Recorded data
***
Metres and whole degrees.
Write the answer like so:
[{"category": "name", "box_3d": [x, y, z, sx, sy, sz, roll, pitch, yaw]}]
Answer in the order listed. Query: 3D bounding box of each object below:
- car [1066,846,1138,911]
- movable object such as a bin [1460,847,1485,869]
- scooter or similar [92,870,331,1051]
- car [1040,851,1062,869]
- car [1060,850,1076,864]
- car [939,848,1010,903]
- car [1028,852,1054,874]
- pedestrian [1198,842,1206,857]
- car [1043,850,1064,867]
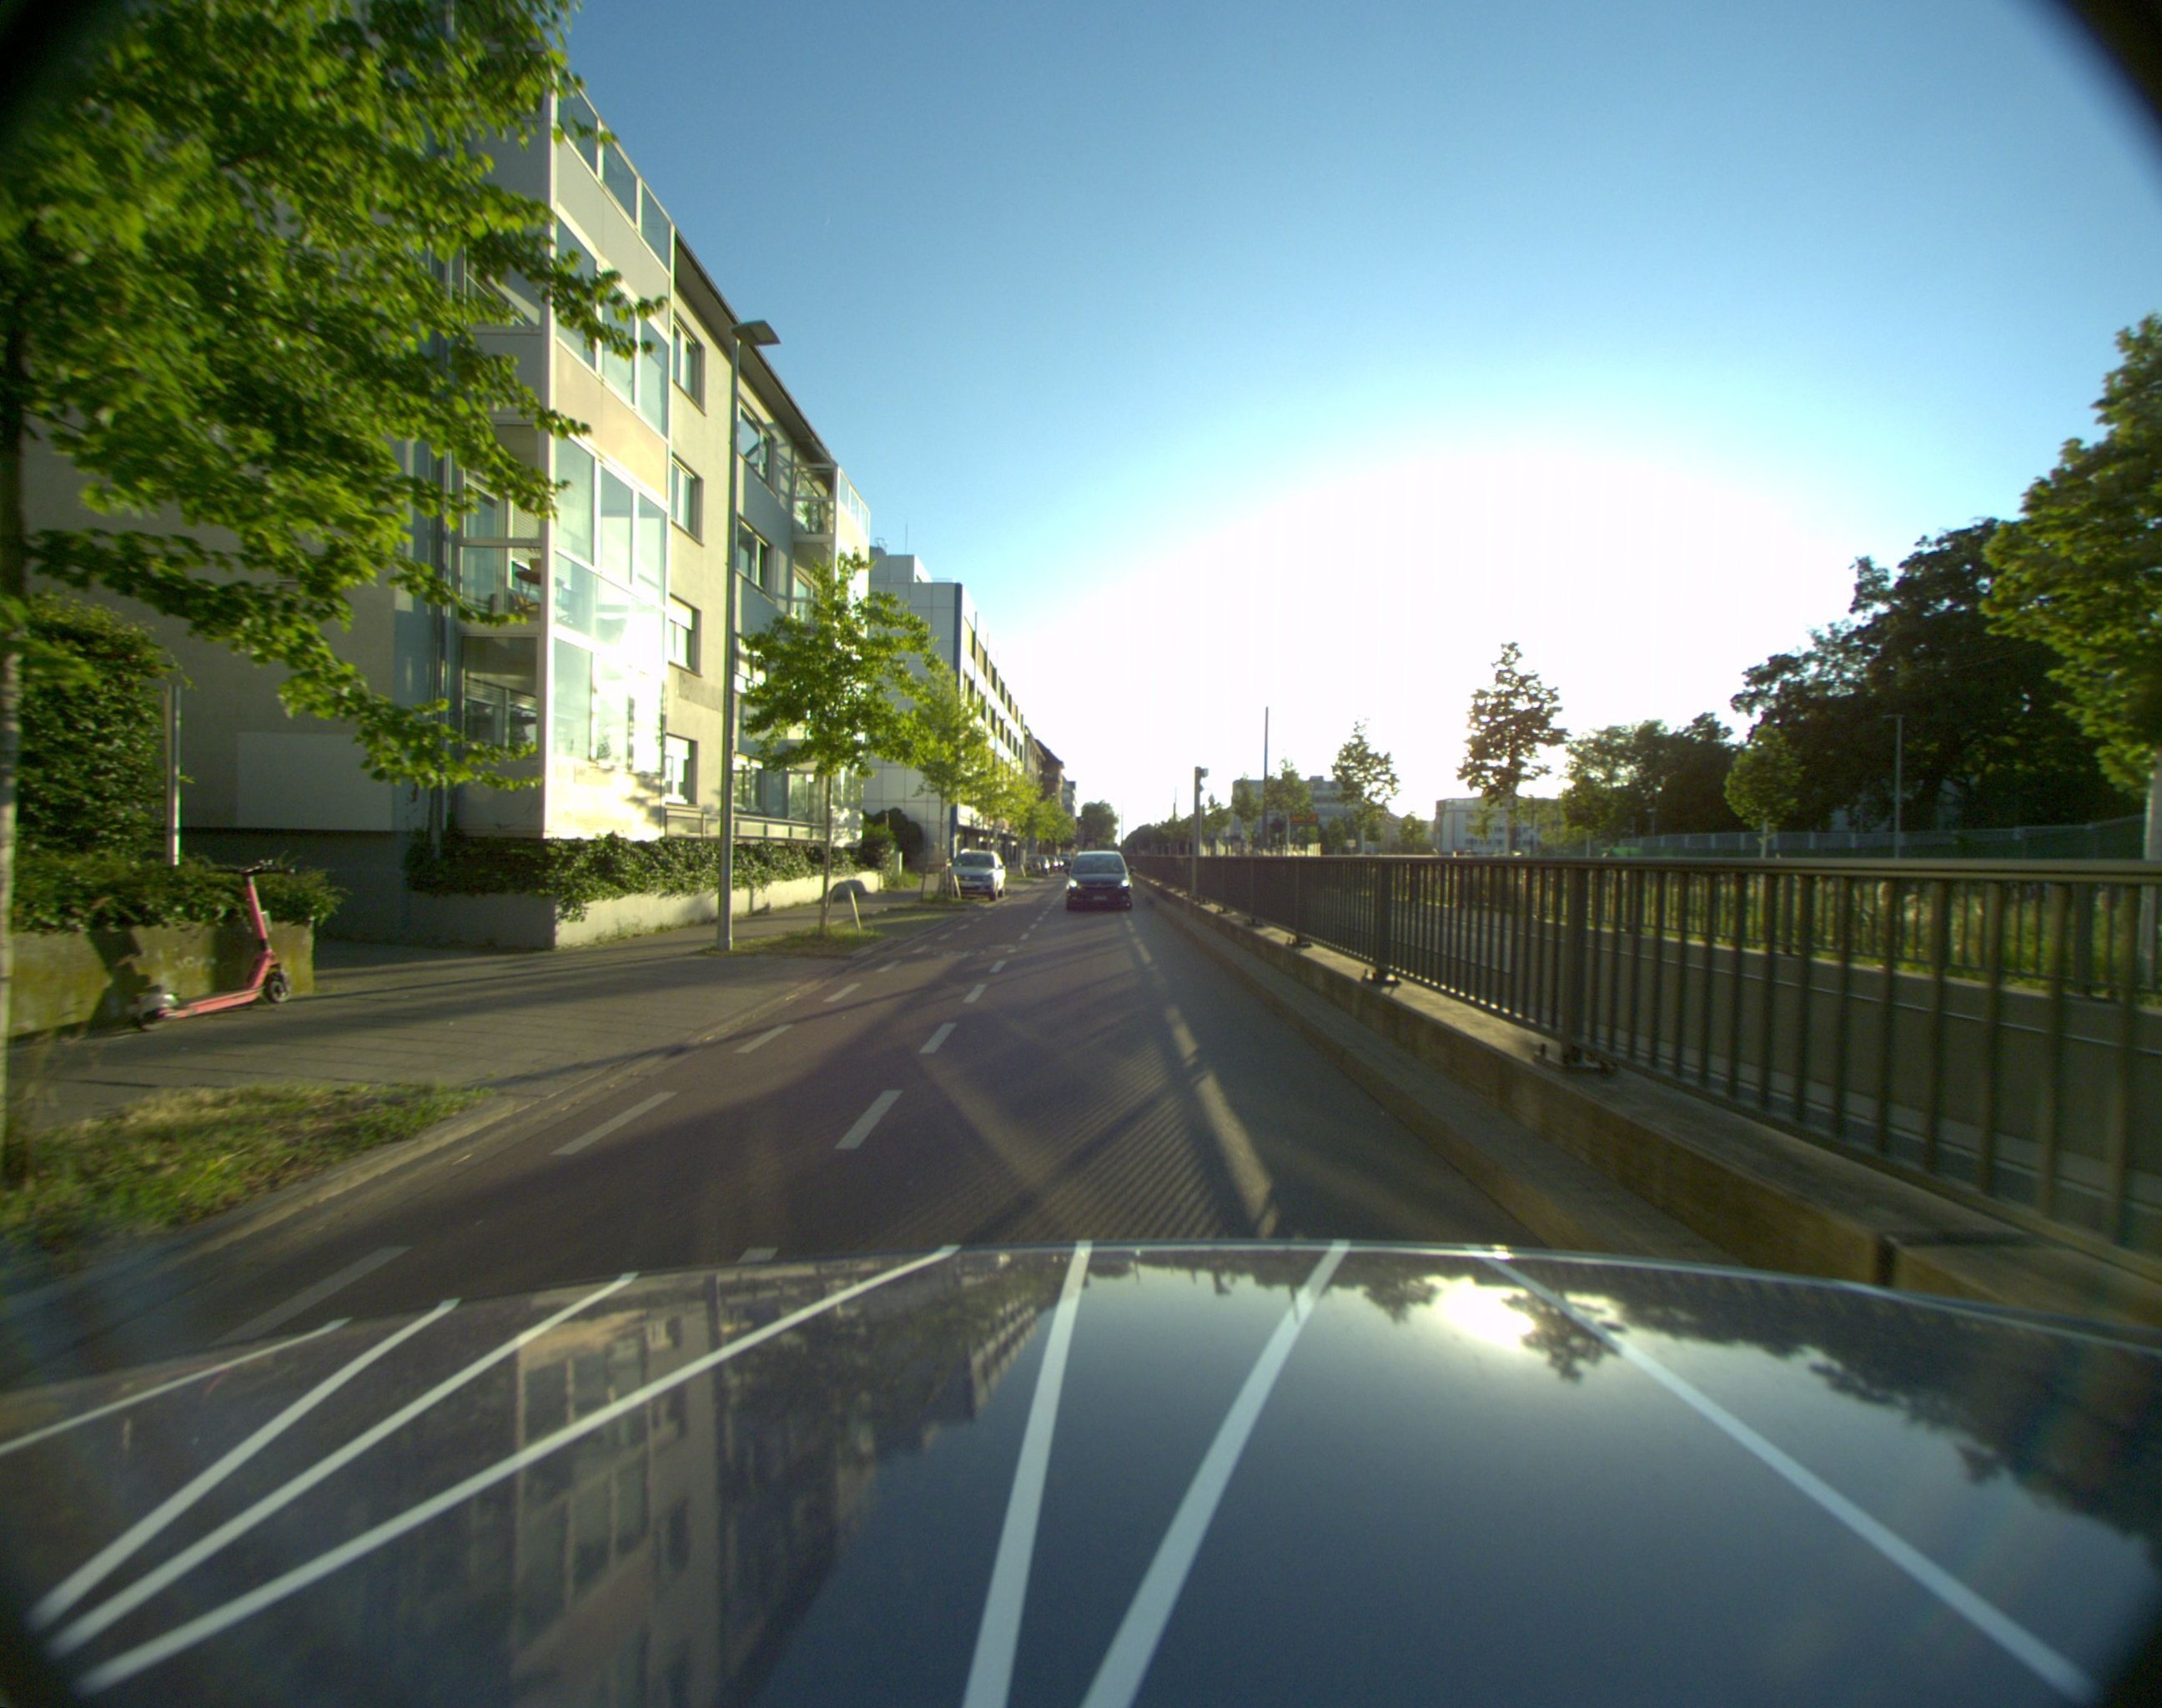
[{"category": "car", "box_3d": [0.545, 0.601, 21.353, 1.800, 1.609, 4.386, -1, 1, 0]}, {"category": "movable object such as a bin", "box_3d": [50.427, 0.514, 98.043, 1.996, 2.690, 4.004, 1, 1, 14]}, {"category": "scooter or similar", "box_3d": [-6.803, 0.773, 6.032, 0.492, 1.251, 1.208, -1, 1, -2]}, {"category": "car", "box_3d": [-2.592, 0.531, 66.202, 1.687, 1.446, 4.129, 2, 0, 0]}, {"category": "car", "box_3d": [-1.638, 0.366, 98.100, 1.761, 1.644, 4.529, 3, 0, 1]}, {"category": "car", "box_3d": [-3.627, 0.696, 26.669, 1.859, 1.697, 4.253, 2, 0, -1]}, {"category": "car", "box_3d": [-2.908, 0.651, 55.850, 1.824, 1.446, 4.127, 2, 0, -3]}, {"category": "pedestrian", "box_3d": [13.510, -0.522, 85.007, 0.636, 1.719, 0.635, 0, 1, -11]}, {"category": "car", "box_3d": [-2.762, 0.419, 76.576, 1.824, 1.557, 4.809, 4, 0, -1]}]
***
Problem statement:
Omit every picture, then write out the entries above exactly.

Expected answer:
Metres and whole degrees.
Write the answer like so:
[{"category": "name", "box_3d": [x, y, z, sx, sy, sz, roll, pitch, yaw]}]
Answer in the order listed. Query: 3D bounding box of each object below:
- car [1066,846,1138,911]
- movable object such as a bin [1460,847,1485,869]
- scooter or similar [92,870,331,1051]
- car [1040,851,1062,869]
- car [1060,850,1076,864]
- car [939,848,1010,903]
- car [1028,852,1054,874]
- pedestrian [1198,842,1206,857]
- car [1043,850,1064,867]
[{"category": "car", "box_3d": [0.545, 0.601, 21.353, 1.800, 1.609, 4.386, -1, 1, 0]}, {"category": "movable object such as a bin", "box_3d": [50.427, 0.514, 98.043, 1.996, 2.690, 4.004, 1, 1, 14]}, {"category": "scooter or similar", "box_3d": [-6.803, 0.773, 6.032, 0.492, 1.251, 1.208, -1, 1, -2]}, {"category": "car", "box_3d": [-2.592, 0.531, 66.202, 1.687, 1.446, 4.129, 2, 0, 0]}, {"category": "car", "box_3d": [-1.638, 0.366, 98.100, 1.761, 1.644, 4.529, 3, 0, 1]}, {"category": "car", "box_3d": [-3.627, 0.696, 26.669, 1.859, 1.697, 4.253, 2, 0, -1]}, {"category": "car", "box_3d": [-2.908, 0.651, 55.850, 1.824, 1.446, 4.127, 2, 0, -3]}, {"category": "pedestrian", "box_3d": [13.510, -0.522, 85.007, 0.636, 1.719, 0.635, 0, 1, -11]}, {"category": "car", "box_3d": [-2.762, 0.419, 76.576, 1.824, 1.557, 4.809, 4, 0, -1]}]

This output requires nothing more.